Part of the natural instinct. We are monogimous pack animals at our essence.

tb1570's avatar

STDs suck.

TheFonz_is's avatar

exactly, we are put here to survive, find a mate and create little mini versions of ourselves..

plus most of us enjoy the creating part ;oP marriage is simply a proclamation of love, of warding off others and of getting half of something we didnt have :)

Please dont let my wife read this :):):):)

steelmarket's avatar

There is nothing new about this pressure – it has been around since adam and eve. In my observation, the pressure in western society is much less than it is in other societies.

eponymoushipster's avatar

from personal experience, banging tail left and right can be quite tiring. Burning money on medicines and such. What’s her name, etc. – hard stuff to remember, for sure.

so that’s one. also, the need to reproduce and find completion.

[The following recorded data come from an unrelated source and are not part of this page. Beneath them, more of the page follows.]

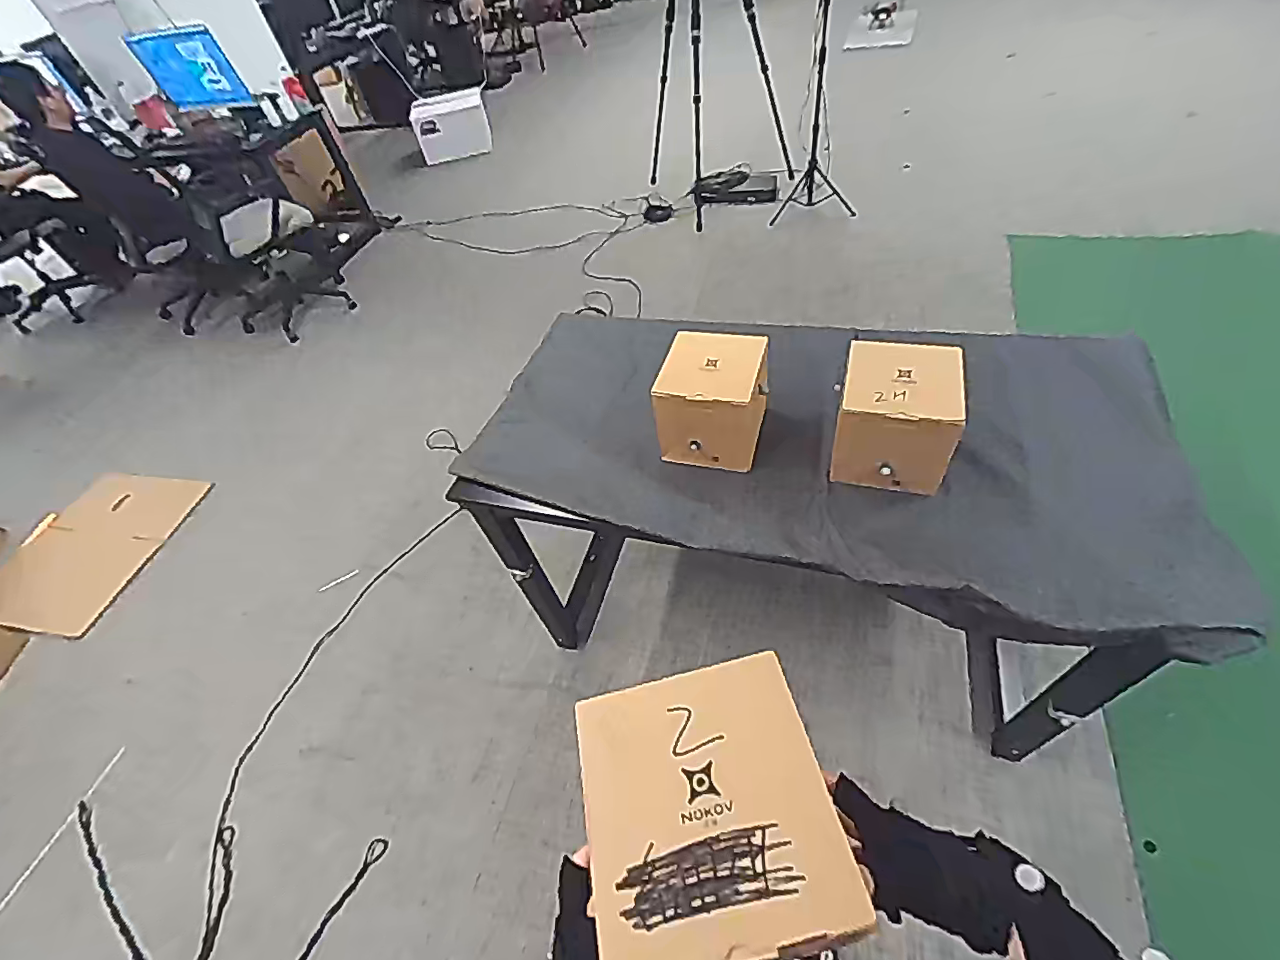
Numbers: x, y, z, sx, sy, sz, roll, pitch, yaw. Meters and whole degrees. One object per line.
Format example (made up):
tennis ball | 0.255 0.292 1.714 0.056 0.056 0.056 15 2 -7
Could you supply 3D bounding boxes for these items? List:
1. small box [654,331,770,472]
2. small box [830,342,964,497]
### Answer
small box | 0.133 -0.142 0.977 0.168 0.176 0.179 10 53 17
small box | 0.414 -0.100 0.889 0.168 0.176 0.179 10 53 18

but mostly the fact there’s only so much grade A kitty out there, and once it’s used up, it’s gone. like oil.

btko's avatar

Didn’t Adam and Eve have children with their own children? That’s not a healthy marriage.

dynamicduo's avatar

It’s encoded in our being to propagate the species, even if we consciously don’t desire it (for instance, I don’t want children, but my body tells me loud and clear that I should want them, whether it’s me thinking a baby is cute or having a haunting dream about being a parent). Time and social evolution (think back 5,000 years ago or more) have shown that the most efficient way of doing this is to form a loose society of people (power in numbers) and to pair up to create a household and produce children. Two people seems to be an ideal number, where the strongest person (often the man) is tasked with getting resources (food, money) while the nurturing person (usually the woman) is tasked with raising the children.

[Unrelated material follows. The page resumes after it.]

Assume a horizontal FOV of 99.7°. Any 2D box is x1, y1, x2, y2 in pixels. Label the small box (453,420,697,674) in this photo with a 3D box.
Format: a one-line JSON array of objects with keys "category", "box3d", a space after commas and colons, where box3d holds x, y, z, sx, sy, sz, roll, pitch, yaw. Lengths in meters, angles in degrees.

Why not three or more people? Reasons may be a too-many-cooks situation (the mother doesn’t want her children to be raised by others, more people require more resources), or an alpha-male situation (the father doesn’t want to provide for a third male who may have children with the wife). Of course it’s worthwhile to note that many cultures permit and encourage multiple spouses. I personally do not know what the benefits or problems arise with having such a family structure, but I do know that there have been studies that look into this issue further.

Above any evolutionary incentive, there’s the social layer. There’s tons of pressure, culturally, historically, traditionally, to engage in marriage. And up until the past century (not sure of the exact dates, but it varies from place to place), marriages were done for many reasons beyond love: exchanging property, ensuring laws are applied without trouble (which was and still is problematic with a lot of long term couples who are not legally married – consider hospital visiting rights), as a bargaining tool sometimes too. These acts may have instilled the thought that one was simply “supposed” to get married, that it was the next step in becoming an adult.

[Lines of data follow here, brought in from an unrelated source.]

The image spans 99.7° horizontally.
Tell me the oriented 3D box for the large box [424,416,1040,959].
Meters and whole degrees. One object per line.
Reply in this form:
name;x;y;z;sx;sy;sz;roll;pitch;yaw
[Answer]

I’m glad to say that I do not think this way, and thanks to Canada’s solid common-law marriage laws, I have the same rights as a fully married couple without actually having that paper. Which is good, cause that paper means nothing to me, especially considering divorce rates.

wundayatta's avatar

I think I asked the question incorrectly. I wanted to understand if the pressure to marry is different from, say, a generation ago, but more importantly, how it has changed dating behavior from a generation ago. It seems like people are much more serious about what dating is for, nowadays. If they date, that seems to mean they are exclusive with their partner. This was not the case when I grew up. A date didn’t mean you were going steady. Nowadays, it seems like you have to “go steady” from the get-go.

As a result of this changed meaning of dating, new categories of friends have come up to describe non-dating relationships. Friends, FWB, and fuck buddies. These, apparently, must be disposed of as soon as one is “dating.”

It seems to me that this indicates a different kind of pressure on kids these days to marry or at least pair off. I understand this overall genetic pressure to pair off and procreate. That’s not what I’m asking about. I’m asking about this apparent social change in how marriage is pursued, and how that has changed the language of courting.

To me, it suggest some kind of additional urgency to mate that didn’t exist when I was growing up. It also suggests some kind of cultural pressure to define things instantly. It is this. It is not that. You’re a friend (we hang out). You’re a friend with benefits (we hang out and sometimes sleep together, except of course when it’s a Craigslist FWB, which really is equivalent to the next category). You’re a fuck buddy. You have minimal contact and don’t really hang out, but when you both have that itch, you just get together and fuck with no emotional attachments whatsoever.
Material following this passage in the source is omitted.